'Big Data'

Preservation and Management Strategies for Exceptionally Large Data Formats

by Justin Barton
March 18, 2009
The Archaeological Data Service (hosted by the University of York) investigated the current problems associated with storing, using, and disseminating large (and increasingly larger) data sets generated by the cultural heritage field (researchers, archaeologists, and CRM). There is a growing use and demand for advanced technologies such as LiDAR, GIS, and computer modeling in cultural resource management and research yet there is still an inherent lack of standardization and 'good practice' methodologies for dealing with these vast data sets. The ADS 'Big Data' project covers archival strategies, metadata standards, preservation and on-going management of data, and known accessibility and usability issues revolving around large, proprietary data sets.

For laser scanning/LiDAR in particular, this relatively new field lacks cohesive standards for long-term data migration and usability.
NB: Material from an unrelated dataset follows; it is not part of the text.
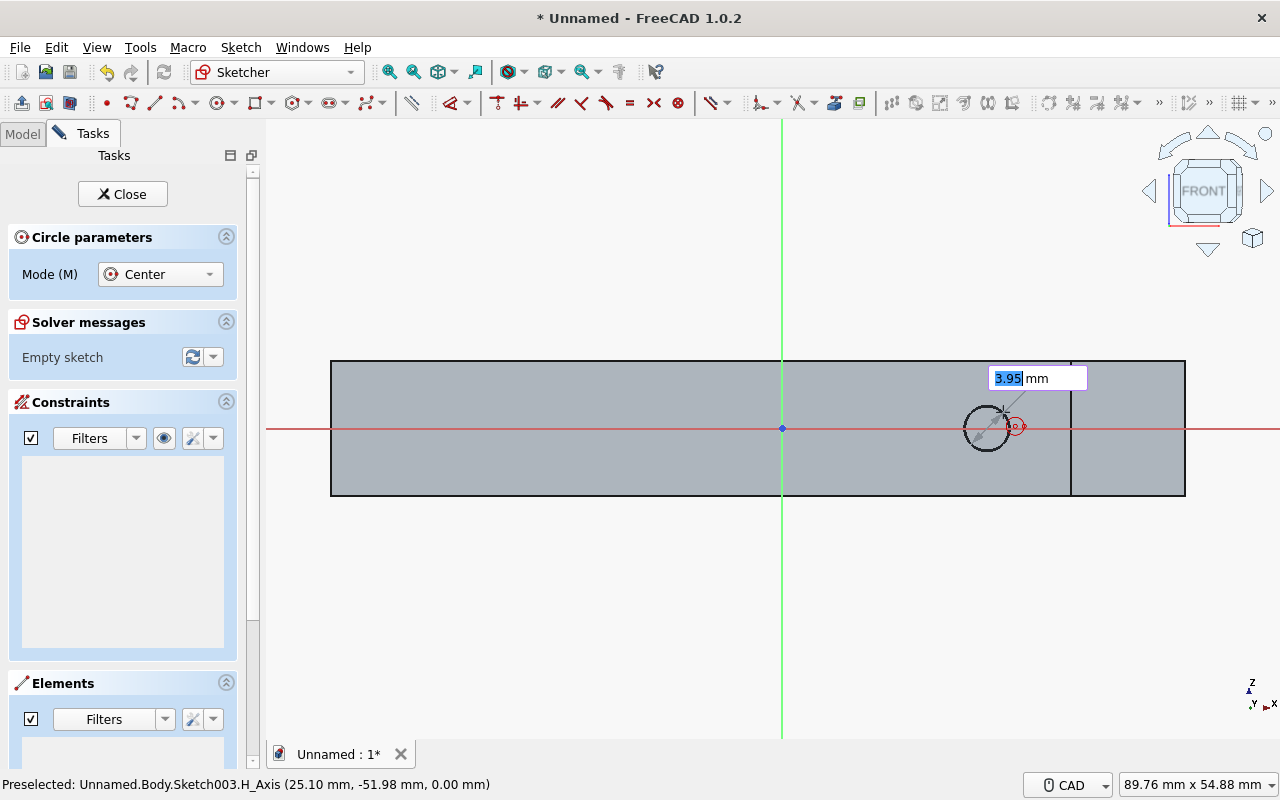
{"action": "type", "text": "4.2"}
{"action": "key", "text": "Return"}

There are few (and hardly used) non-proprietary data formats in the field and so basic ASCII exports are the best solution yet most researchers leave their work in the native format for their equipment. As we reach a point were vast, fast data dissemination is more-and-more possible, this is cannot be the way forward. Everyone cannot use a different format for archiving and data exchange. This paper covers important topics and at a critical stage where changes can be made before the problem becomes unmanageable in the near future.